Dishing the dirt on clean's queen Summertime: If easy reading is your pleasure, take a look at what the newsstands are offering this month.

Magazines

July 07, 1996|By Cynthia Dockrell | Cynthia Dockrell,BOSTON GLOBE

This long weekend signals that delicious moment when we are officially allowed to kick back and trade in our Wall Street Journals for more beach-appropriate fare, a la the skin-deep newsstand stuff we tend to shun the rest of the year. We understand that some readers might balk at such a wholesale surrender to the unserious, so we'll throw out a weighty suggestion or two as well.

Spy high

But first, a magazine that takes nothing seriously -- except, of course, its own irreverence. The July/August Spy puts Martha Stewart on the cover as "Whitey Aphrodite," dishing the dirt on the "queen of pristine." We learn that while filming a TV special, Martha yelled at her own mother after the poor lady twice missed her cue; that Martha does virtually none of the writing on her books, nor the editing on her Martha Stewart Living magazine, instead foisting the work onto underpaid staffers; that she once let pots of meat slowly rot in her refrigerator before attempting to give them as Christmas gifts; that, Mrs. Robinson-like, she had an affair with her own daughter's ex-boyfriend. Shocking!

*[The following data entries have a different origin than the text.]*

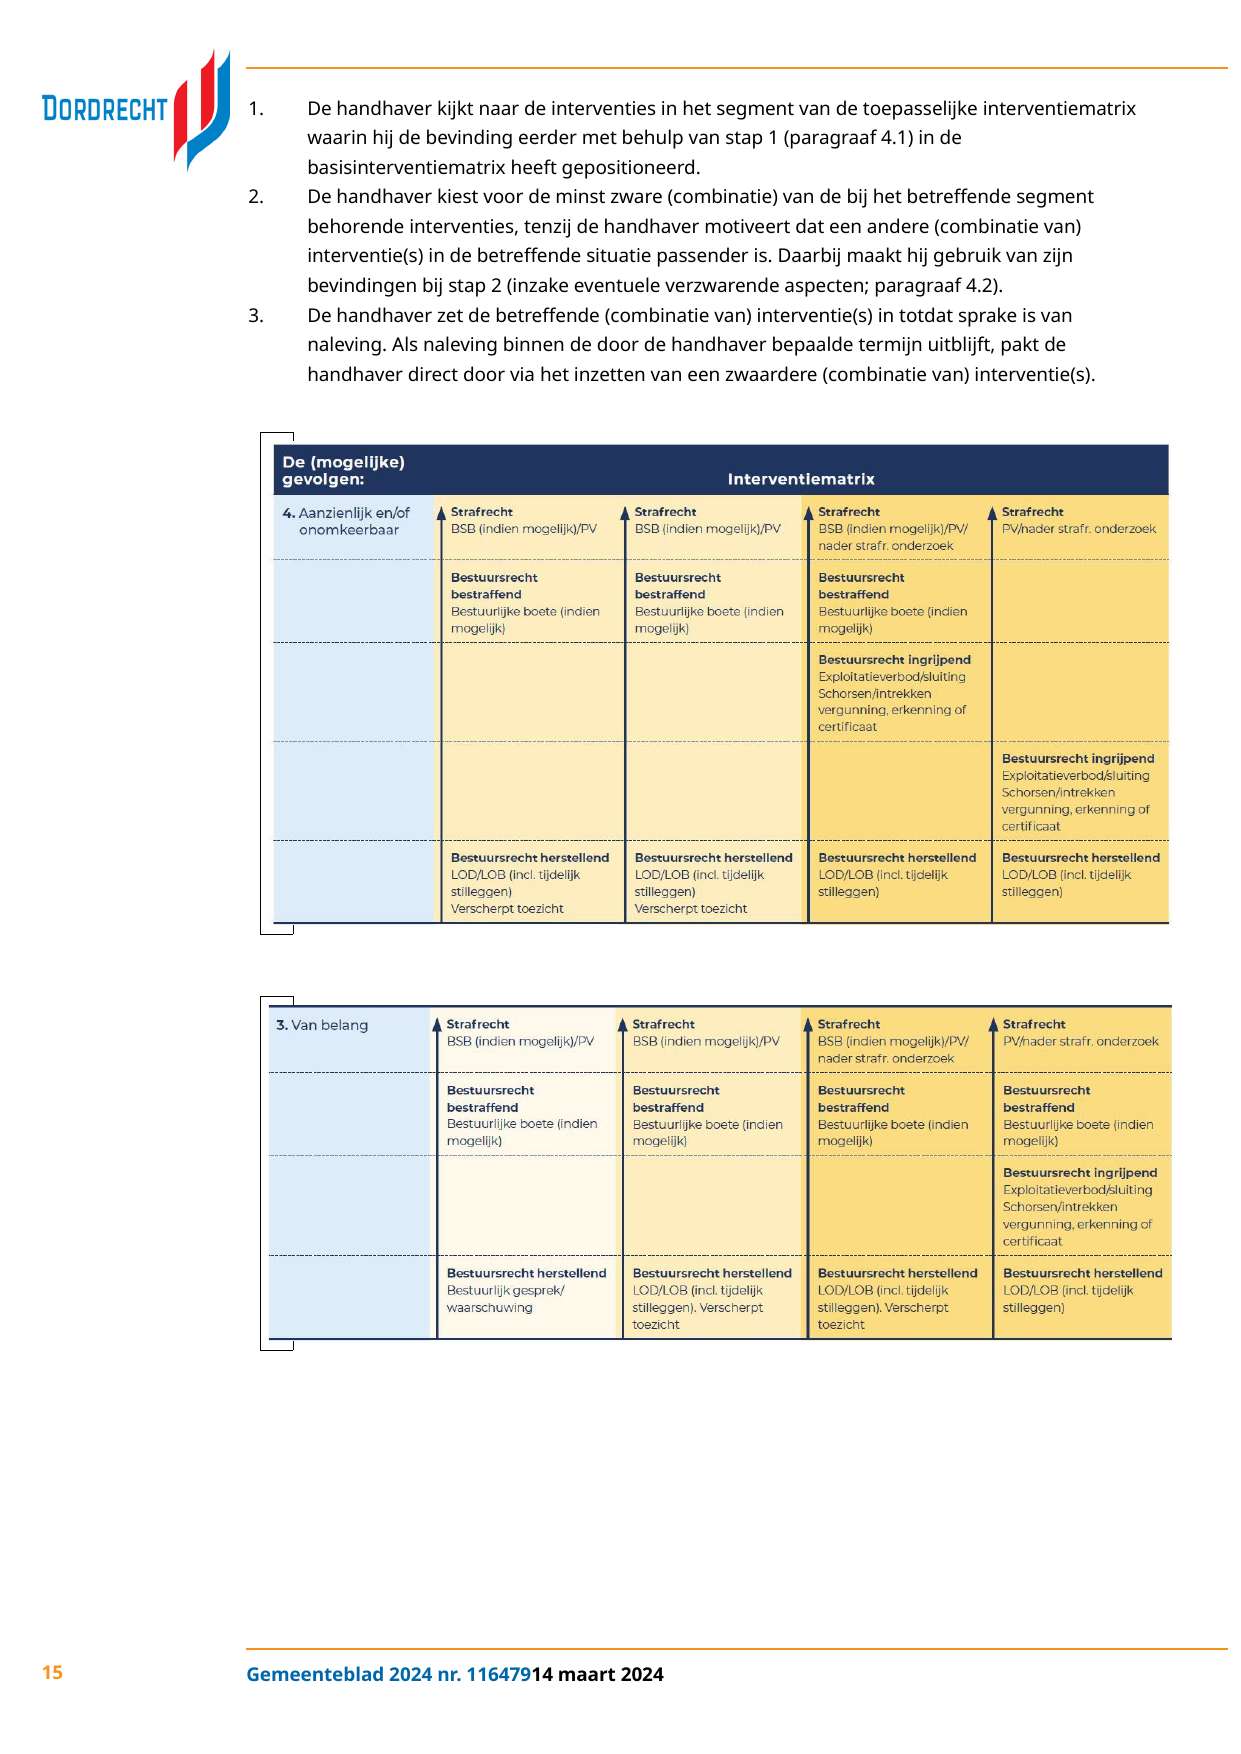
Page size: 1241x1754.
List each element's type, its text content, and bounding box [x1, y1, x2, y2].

picture [41, 47, 231, 172]
list De handhaver kiest voor de minst zware (combinatie) van de bij het betreffende segment behorende interventies, tenzij de handhaver motiveert dat een andere (combinatie van) interventie(s) in de betreffende situatie passender is. Daarbij maakt hij gebruik van zijn bevindingen bij stap 2 (inzake eventuele verzwarende aspecten; paragraaf 4.2). [248, 183, 1152, 298]
list De handhaver kijkt naar de interventies in het segment van de toepasselijke interventiematrix waarin hij de bevinding eerder met behulp van stap 1 (paragraaf 4.1) in de basisinterventiematrix heeft gepositioneerd. [248, 95, 1152, 180]
list De handhaver zet de betreffende (combinatie van) interventie(s) in totdat sprake is van naleving. Als naleving binnen de door de handhaver bepaalde termijn uitblijft, pakt de handhaver direct door via het inzetten van een zwaardere (combinatie van) interventie(s). [248, 302, 1152, 387]
picture [268, 1005, 1173, 1341]
picture [268, 441, 1173, 925]
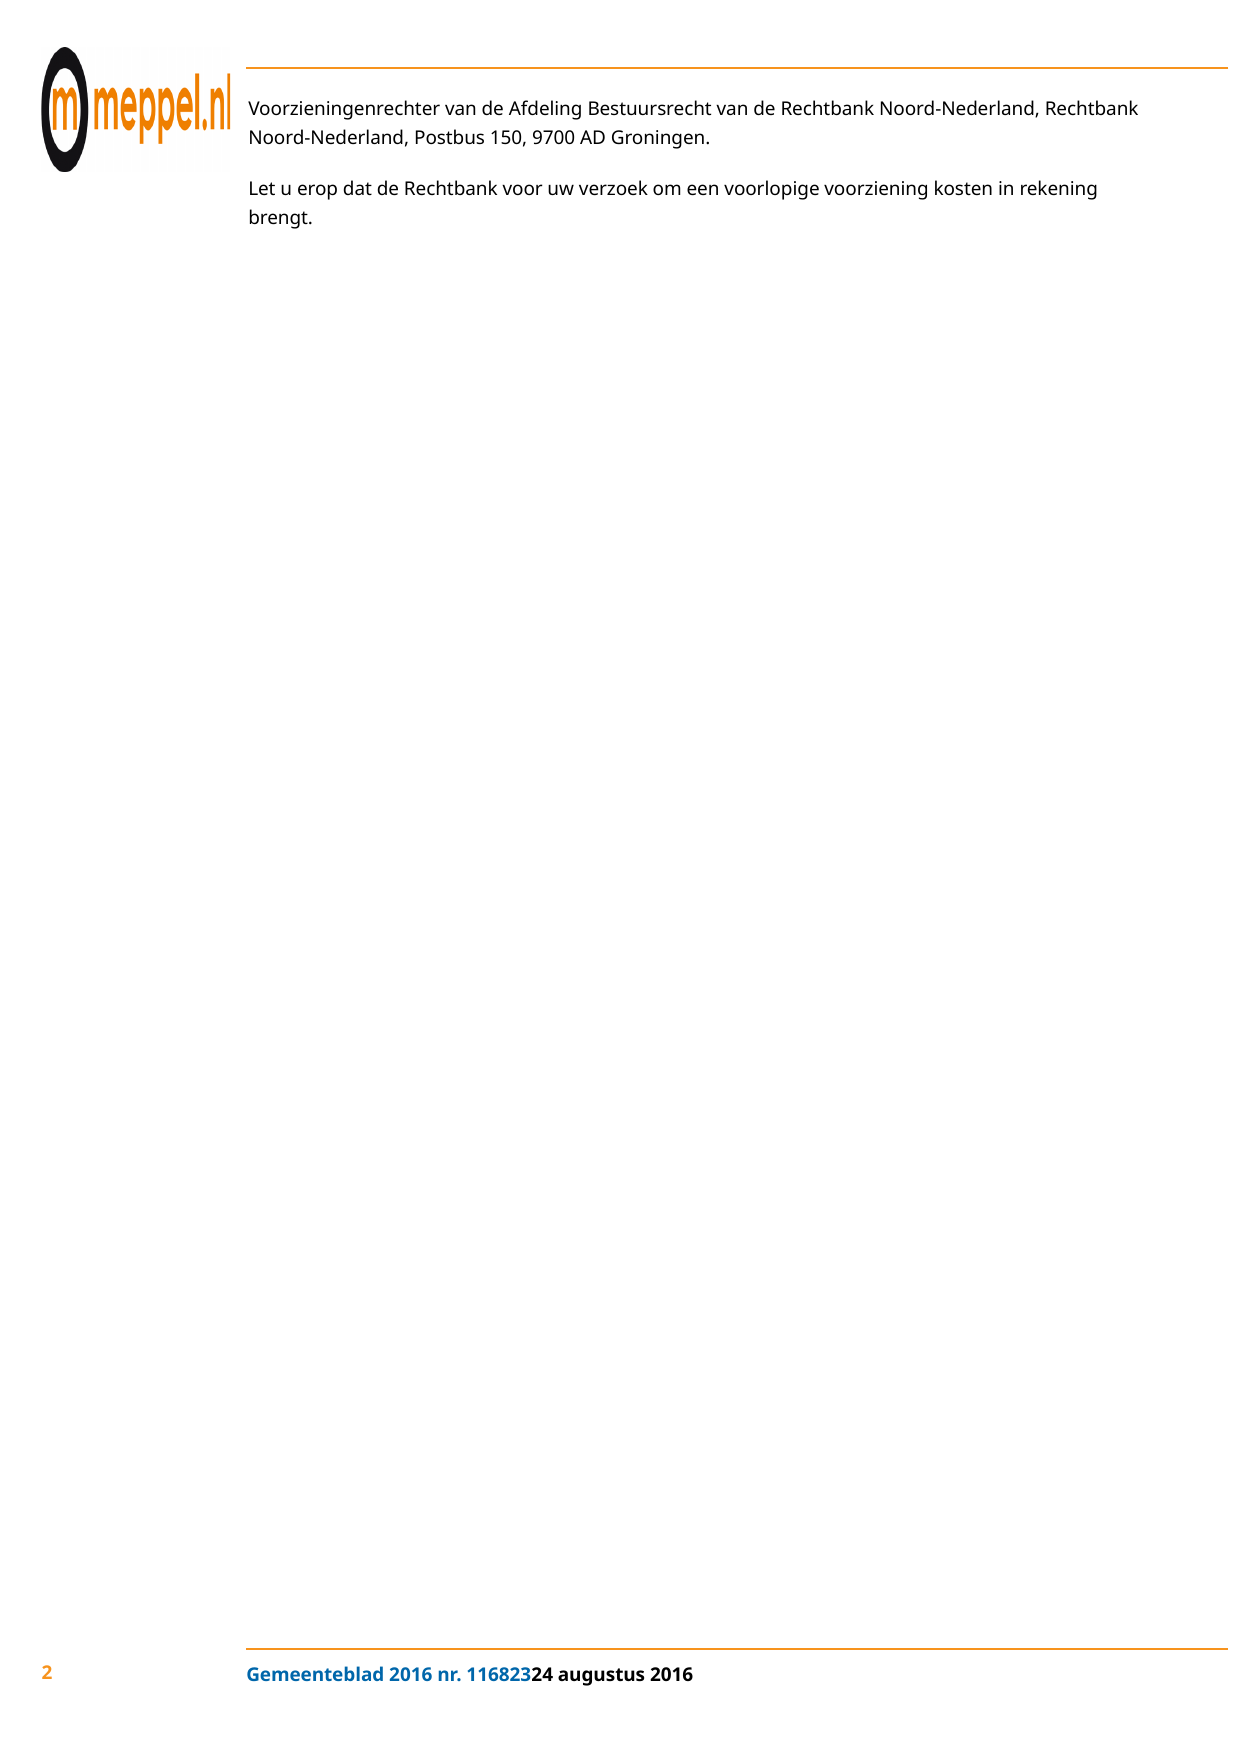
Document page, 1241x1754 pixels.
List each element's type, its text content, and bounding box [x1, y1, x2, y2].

text Voorzieningenrechter van de Afdeling Bestuursrecht van de Rechtbank Noord-Nederland, Rechtbank Noord-Nederland, Postbus 150, 9700 AD Groningen. [248, 95, 1152, 150]
picture [41, 47, 231, 172]
text Let u erop dat de Rechtbank voor uw verzoek om een voorlopige voorziening kosten in rekening brengt. [248, 175, 1152, 230]

Greg Easley writes with a breathless, you-won't-believe-this tone that's more about Spy's mandate to justify its existence through shameless gossip than it is about whatever crimes Martha has committed. I mean, does anyone buy her act? Any woman who puts forth such a serene air of competence while overseeing an empire as big as her own ego is immediately suspect. Thus, Spy's take on Stewart is overwrought, superfluous and just plain silly.

There is some fun to be had in these pages, though, via Vernon Silver's report from Beirut about Lebanon's attempts to market itself as a tourist mecca. Oh, those now-and-then bombings are nothing to worry about, Silver writes. "And that little war with Israel earlier this year? The action took place primarily in the boondocks, and they didn't hit any hotels, scaredy-pants!" The accompanying photos of beaming families in Bermuda shorts superimposed against blast-scarred buildings are a hoot.

Artistic arm

The July Harper's offers the usual marvelous blend of reportage, humor and oddball anecdote, all superlatively written. Novelist Padgett Powell runs away with this issue, profiling Cleve Dean, an arm-wrestler who hails from Pravo, Ga., and weighs 500 pounds. That's down from the 700 he weighed a few years back. Dean is a hog farmer who has competed on the international arm-wrestling circuit on and off for many years, and Powell travels with him to the world championships.

This enormous man is beautifully rendered: "He moves his arm, the famous one, slowly and widely to my approach, offering me the catcher's-mitt-sized hand on the long end of a long arm that is 1 inch shy of being 2 feet around, and it looks, this arm, like the leg of an ordinary person down there attempting to legwhip me. It is not a steroidy tacky veiny thing but a Michelangelo thing."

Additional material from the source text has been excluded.